Jonathan Franzen wrote one of my all-time favorite essays on this subject, called “Liking is for Cowards. Go for what hurts.” (published in the NYTimes in 2011 and you should go read the original, with its brilliant gentle knock-down of consumer techno-culture…)
It’s a long story, but basically I fell in love with birds. I did this not without significant resistance, because it’s very uncool to be a birdwatcher, because anything that betrays real passion is by definition uncool. But little by little, in spite of myself, I developed this passion, and although one-half of a passion is obsession, the other half is love.
[…]And here’s where a curious paradox emerged. My anger and pain and despair about the planet were only increased by my concern for wild birds, and yet, as I began to get involved in bird conservation and learned more about the many threats that birds face, it became easier, not harder, to live with my anger and despair and pain.
How does this happen? I think, for one thing, that my love of birds became a portal to an important, less self-centered part of myself that I’d never even known existed. Instead of continuing to drift forward through my life as a global citizen, liking and disliking and withholding my commitment for some later date, I was forced to confront a self that I had to either straight-up accept or flat-out reject.
Which is what love will do to a person. Because the fundamental fact about all of us is that we’re alive for a while but will die before long. This fact is the real root cause of all our anger and pain and despair. And you can either run from this fact or, by way of love, you can embrace it.

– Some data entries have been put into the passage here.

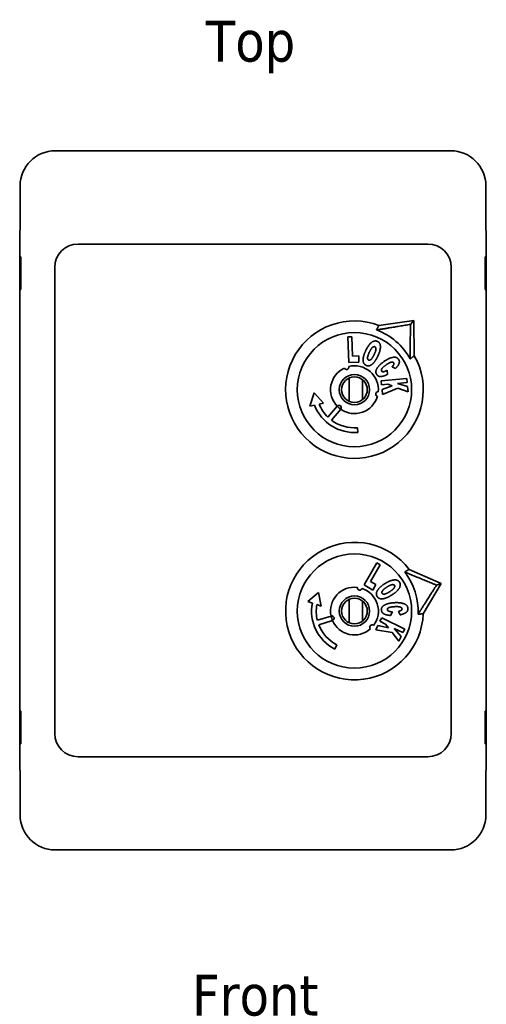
# Model space of a CAD drawing. Header units: millimetres. Extents: x 32 to 170, y 14 to 283.
# Tile 6 of 6: x 32 to 72, y 199 to 283. Entities that reach past the tile are written whole.
import ezdxf

# ---------------------------------------------------------------- set-up
doc = ezdxf.new("R2010")
doc.units = ezdxf.units.MM
doc.layers.add('Symbol (ISO)', color=7, linetype='Continuous', lineweight=25)
doc.layers.add('Visible (ISO)', color=7, linetype='Continuous', lineweight=35)
doc.styles.add('Label Text (ISO)', font='TAHOMA.TTF')

msp = doc.modelspace()

# ---------------------------------------------------------------- linework, layer by layer
at = {"layer": 'Visible (ISO)'}
for p, q in [((69.438, 272.058), (35.508, 272.058)), ((32.508, 269.059), (32.508, 267.754)), ((72.438, 267.754), (72.438, 269.059)), ((32.508, 267.754), (32.495, 262.704)), ((72.451, 262.704), (72.438, 267.754)), ((37.473, 264.054), (67.473, 264.054)), ((32.525, 262.954), (32.558, 262.954)), ((32.525, 260.154), (32.525, 262.954)), ((32.558, 262.954), (32.558, 260.154)), ((72.389, 260.154), (72.389, 262.954)), ((72.389, 262.954), (72.422, 262.954)), ((72.422, 262.954), (72.422, 260.154)), ((32.482, 262.704), (32.473, 259.216)), ((32.495, 262.704), (32.482, 262.704)), ((35.473, 222.054), (35.473, 262.054)), ((69.473, 262.054), (69.473, 222.054)), ((72.464, 262.704), (72.451, 262.704)), ((72.473, 259.216), (72.464, 262.704)), ((32.558, 260.154), (32.525, 260.154)), ((72.422, 260.154), (72.389, 260.154)), ((32.473, 224.891), (32.473, 259.216)), ((72.473, 259.216), (72.473, 224.891)), ((63.268, 257.069), (66.248, 257.479)), ((65.974, 257.159), (66.248, 257.479)), ((66.248, 257.479), (66.302, 254.47)), ((60.605, 256.086), (60.946, 256.098)), ((60.686, 253.887), (60.605, 256.086)), ((60.946, 256.098), (61.007, 254.442)), ((61.007, 254.442), (61.536, 254.461)), ((61.536, 254.461), (61.556, 253.919)), ((61.556, 253.919), (60.686, 253.887)), ((64.677, 253.358), (64.395, 253.527)), ((63.976, 253.218), (64, 252.87)), ((60.723, 250.55), (60.723, 252.557)), ((61.873, 252.402), (61.873, 250.705)), ((63.462, 252.303), (65.652, 252.515)), ((63.495, 251.964), (63.462, 252.303)), ((64.024, 252.015), (63.495, 251.964)), ((63.534, 251.559), (64.409, 251.876)), ((64.409, 251.876), (64.024, 252.015)), ((65.684, 252.175), (64.856, 252.095)), ((64.856, 252.095), (65.719, 251.821)), ((65.652, 252.515), (65.684, 252.175)), ((57.358, 250.138), (57.709, 251.286)), ((57.709, 251.286), (58.527, 250.409)), ((63.574, 251.142), (63.534, 251.559)), ((64.9, 251.689), (63.574, 251.142)), ((65.762, 251.372), (64.9, 251.689)), ((65.719, 251.821), (65.762, 251.372)), ((57.745, 250.228), (57.358, 250.138)), ((58.527, 250.409), (58.139, 250.319)), ((58.894, 249.2), (59.694, 250.134)), ((59.998, 249.874), (59.198, 248.94)), ((61.426, 248.287), (61.456, 247.888)), ((61.992, 234.792), (63.084, 236.702)), ((63.084, 236.702), (63.38, 236.533)), ((63.38, 236.533), (62.557, 235.094)), ((65.864, 236.132), (68.612, 234.905)), ((62.557, 235.094), (63.017, 234.831)), ((57.186, 233.366), (58.09, 234.156)), ((58.09, 234.156), (58.322, 232.978)), ((62.748, 234.36), (61.992, 234.792)), ((63.017, 234.831), (62.748, 234.36)), ((68.612, 234.905), (67.069, 232.322)), ((68.21, 234.778), (68.612, 234.905)), ((57.561, 233.238), (57.186, 233.366)), ((60.723, 231.55), (60.723, 233.557)), ((61.873, 233.402), (61.873, 231.705)), ((58.322, 232.978), (57.944, 233.107)), ((64.432, 232.487), (64.269, 232.179)), ((65.101, 232.236), (64.951, 232.528)), ((57.995, 231.759), (59.168, 232.129)), ((59.288, 231.748), (58.116, 231.377)), ((63.361, 231.676), (63.513, 231.982)), ((63.837, 231.44), (63.361, 231.676)), ((63.513, 231.982), (65.484, 231.005)), ((62.995, 230.936), (63.181, 231.312)), ((64.409, 230.701), (62.995, 230.936)), ((63.181, 231.312), (64.091, 231.118)), ((64.091, 231.118), (63.837, 231.44)), ((64.974, 229.977), (64.409, 230.701)), ((65.332, 230.7), (64.587, 231.069)), ((64.587, 231.069), (65.174, 230.381)), ((65.484, 231.005), (65.332, 230.7)), ((65.174, 230.381), (64.974, 229.977)), ((59.663, 229.647), (59.478, 229.292)), ((32.473, 224.891), (32.482, 221.404)), ((72.464, 221.404), (72.473, 224.891)), ((32.525, 223.954), (32.558, 223.954)), ((32.525, 221.154), (32.525, 223.954)), ((32.558, 223.954), (32.558, 221.154)), ((72.389, 221.154), (72.389, 223.954)), ((72.389, 223.954), (72.422, 223.954)), ((72.422, 223.954), (72.422, 221.154)), ((32.482, 221.404), (32.495, 221.404)), ((32.495, 221.404), (32.508, 216.354)), ((72.438, 216.354), (72.451, 221.404)), ((72.451, 221.404), (72.464, 221.404)), ((32.558, 221.154), (32.525, 221.154)), ((72.422, 221.154), (72.389, 221.154)), ((67.473, 220.054), (37.473, 220.054)), ((32.508, 216.354), (32.508, 215.049)), ((72.438, 215.049), (72.438, 216.354)), ((35.508, 212.049), (69.438, 212.049))]:
    msp.add_line(p, q, dxfattribs=at)
for centre, radius in [((61.173, 251.554), 4.9), ((61.173, 251.554), 1.3), ((61.173, 251.554), 1.1), ((61.173, 232.554), 4.9), ((61.173, 232.554), 1.3), ((61.173, 232.554), 1.1)]:
    msp.add_circle(centre, radius, dxfattribs=at)
for centre, radius, start, end in [((37.473, 262.054), 2, 90, 180), ((67.473, 262.054), 2, 0, 90), ((61.173, 251.554), 5.9, 69.20817, 29.62875), ((61.173, 251.554), 5.46, 28.97747, 69.85944), ((60.492, 253.487), 0.2, 202.21448, 16.62243), ((61.173, 251.554), 2.05, 355.01051, 103.82641), ((61.173, 251.554), 2.05, 115.01051, 223.81972), ((61.173, 251.554), 2.05, 235.0172, 343.82641), ((63.188, 251.177), 0.2, 82.21448, 256.62243), ((61.173, 251.554), 3.676, 201.144, 274.41846), ((61.173, 251.554), 3.276, 202.14414, 225.91851), ((59.846, 250.004), 0.2, 319.41846, 139.41846), ((61.173, 251.554), 2.05, 223.81972, 235.0172), ((61.173, 251.554), 3.276, 232.91841, 274.41846), ((61.173, 232.554), 5.9, 37.33376, 357.75433), ((61.173, 232.554), 5.46, 357.10306, 37.98503), ((61.173, 232.554), 2.05, 83.1361, 191.94531), ((61.615, 234.555), 0.2, 170.34007, 344.74802), ((61.173, 232.554), 2.05, 323.1361, 71.95199), ((61.173, 232.554), 3.676, 169.26959, 242.54404), ((61.173, 232.554), 3.276, 170.26973, 194.0441), ((59.228, 231.939), 0.2, 287.54404, 107.54404), ((61.173, 232.554), 2.05, 191.94531, 203.14278), ((61.173, 232.554), 2.05, 203.14278, 311.95199), ((61.173, 232.554), 3.276, 201.04399, 242.54404), ((62.686, 231.17), 0.2, 50.34007, 224.74802), ((37.473, 222.054), 2, 180, 270), ((67.473, 222.054), 2, 270, 0)]:
    msp.add_arc(centre, radius, start, end, dxfattribs=at)
for centre, major_axis in [((35.508, 269.058), (-2.121, 2.121)), ((69.438, 269.058), (2.121, 2.121)), ((35.508, 215.049), (-2.121, -2.121)), ((69.438, 215.049), (2.121, -2.121))]:
    msp.add_ellipse(centre, major_axis=major_axis, ratio=0.999924, start_param=5.497825, end_param=7.068545, dxfattribs=at)
for points, weights in [([(65.974, 257.159), (64.29, 256.874), (63.053, 256.679)], [1, 1.0294652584, 1]), ([(63.1, 256.764), (63.181, 256.911), (63.268, 257.069)], [1, 1.00068728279, 1]), ([(65.949, 254.199), (65.952, 255.45), (65.974, 257.159)], [1, 1.0294652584, 1]), ([(63.053, 256.679), (63.076, 256.721), (63.1, 256.764)], [1, 1.0000583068, 1]), ([(66.302, 254.47), (66.159, 254.36), (66.026, 254.258)], [1, 1.00068728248, 1]), ([(66.026, 254.258), (65.987, 254.228), (65.949, 254.199)], [1, 1.00005830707, 1]), ([(65.476, 235.914), (65.518, 235.937), (65.561, 235.961)], [1, 1.0000583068, 1]), ([(68.21, 234.778), (66.629, 235.426), (65.476, 235.914)], [1, 1.0294652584, 1]), ([(65.561, 235.961), (65.707, 236.043), (65.864, 236.132)], [1, 1.00068728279, 1]), ([(66.626, 232.278), (67.289, 233.34), (68.21, 234.778)], [1, 1.0294652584, 1]), ([(66.722, 232.288), (66.673, 232.283), (66.626, 232.278)], [1, 1.00005830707, 1]), ([(67.069, 232.322), (66.889, 232.305), (66.722, 232.288)], [1, 1.00068728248, 1])]:
    msp.add_rational_spline(points, weights, degree=2, dxfattribs=at)
for points in [[(62.139, 254.913), (62.37, 255.399), (62.9, 255.813), (63.142, 255.698)], [(62.445, 254.763), (62.589, 255.067), (62.828, 255.278), (62.92, 255.234)], [(62.92, 255.234), (63.017, 255.188), (63.006, 254.874), (62.873, 254.593)], [(63.142, 255.698), (63.389, 255.58), (63.405, 254.919), (63.177, 254.439)], [(62.176, 253.637), (62.008, 253.717), (61.89, 254.035), (61.973, 254.565), (62.139, 254.913)], [(63.177, 254.439), (63.011, 254.091), (62.683, 253.701), (62.343, 253.557), (62.176, 253.637)], [(62.385, 254.1), (62.288, 254.146), (62.302, 254.463), (62.445, 254.763)], [(62.873, 254.593), (62.714, 254.26), (62.483, 254.054), (62.385, 254.1)], [(63.092, 252.844), (62.99, 252.989), (63.03, 253.297), (63.365, 253.734), (63.7, 253.968)], [(63.899, 253.692), (63.599, 253.481), (63.442, 253.234), (63.499, 253.152)], [(63.7, 253.968), (64.147, 254.282), (64.794, 254.381), (64.947, 254.163)], [(64.281, 253.903), (64.142, 253.862), (63.899, 253.692)], [(64.536, 253.864), (64.469, 253.96), (64.281, 253.903)], [(64.395, 253.527), (64.468, 253.597), (64.495, 253.639)], [(64.495, 253.639), (64.543, 253.706), (64.565, 253.823), (64.536, 253.864)], [(64.947, 254.163), (65.066, 253.993), (64.928, 253.604), (64.677, 253.358)], [(64, 252.87), (63.778, 252.751), (63.428, 252.663), (63.177, 252.722), (63.092, 252.844)], [(63.499, 253.152), (63.555, 253.073), (63.791, 253.116), (63.976, 253.218)], [(63.767, 234.897), (64.22, 235.187), (64.888, 235.259), (65.034, 235.033)], [(65.034, 235.033), (65.181, 234.803), (64.845, 234.233), (64.398, 233.946)], [(63.125, 233.793), (63.024, 233.949), (63.092, 234.283), (63.443, 234.689), (63.767, 234.897)], [(63.547, 234.076), (63.489, 234.167), (63.668, 234.428), (63.948, 234.608)], [(64.221, 234.237), (63.911, 234.038), (63.605, 233.985), (63.547, 234.076)], [(63.948, 234.608), (64.231, 234.79), (64.545, 234.842), (64.6, 234.757)], [(64.6, 234.757), (64.658, 234.666), (64.483, 234.405), (64.221, 234.237)], [(64.398, 233.946), (64.074, 233.737), (63.589, 233.58), (63.225, 233.638), (63.125, 233.793)], [(63.484, 232.636), (63.474, 232.814), (63.671, 233.053), (64.186, 233.247), (64.594, 233.27)], [(64.594, 233.27), (65.14, 233.3), (65.741, 233.043), (65.756, 232.777)], [(64.269, 232.179), (64.017, 232.195), (63.674, 232.305), (63.492, 232.488), (63.484, 232.636)], [(64.617, 232.93), (64.251, 232.91), (63.987, 232.783), (63.993, 232.683)], [(63.993, 232.683), (63.998, 232.586), (64.221, 232.499), (64.432, 232.487)], [(65.053, 232.907), (64.913, 232.946), (64.617, 232.93)], [(64.951, 232.528), (65.05, 232.549), (65.095, 232.57)], [(65.249, 232.74), (65.243, 232.856), (65.053, 232.907)], [(65.095, 232.57), (65.172, 232.602), (65.252, 232.689), (65.249, 232.74)], [(65.756, 232.777), (65.767, 232.569), (65.445, 232.312), (65.101, 232.236)]]:
    msp.add_open_spline(points, degree=2, dxfattribs=at)

# ---------------------------------------------------------------- texts
at = {"layer": 'Symbol (ISO)', "insert": (48.429, 278.714), "char_height": 3.5, "attachment_point": 7, "line_spacing_factor": 1.16, "style": 'Label Text (ISO)'}
msp.add_mtext('Top', dxfattribs=at)
at = {"layer": 'Symbol (ISO)', "insert": (47.247, 197.772), "char_height": 3.5, "attachment_point": 7, "style": 'Label Text (ISO)'}
msp.add_mtext('Front', dxfattribs=at)

doc.saveas('drawing.dxf')

When you stay in your room and rage or sneer or shrug your shoulders, as I did for many years, the world and its problems are impossibly daunting. But when you go out and put yourself in real relation to real people, or even just real animals, there’s a very real danger that you might love some of them.
And who knows what might happen to you then?
(I’ll just note that Jonathan Franzen visited the Osa Peninsula in 2011 and saw endemic yellow-billed cotingas here, shortly before he must have written this op-ed. And that I’ll always regret talking to him about shrimp instead of love when I had the chance….)
One big thing about Love that I didn’t really get at age 24 was the value of sticking around. When I think about why I feel somewhat hopeful about Gunung Palung – even in its sea of oil palm – it’s because of organizations and initiatives and agencies staffed by people who I met 16 years ago. And whether it’s for a place or an issue, that’s actually the only way you create durable change. You build something over time, and get as many people around you as possible to be part of it. You try to believe in your vision of the future and you start planting the trees.
My gratitude and love to the people behind two organizations that are duking it out daily for Gunung Palung’s forests and local communities. They deserve all the support they can get:
Sadly, in the months after the reunion, we lost two beautiful souls who had been part of the Cabang Panti community. Rest in peace, Pak Udin and Pak Entoi.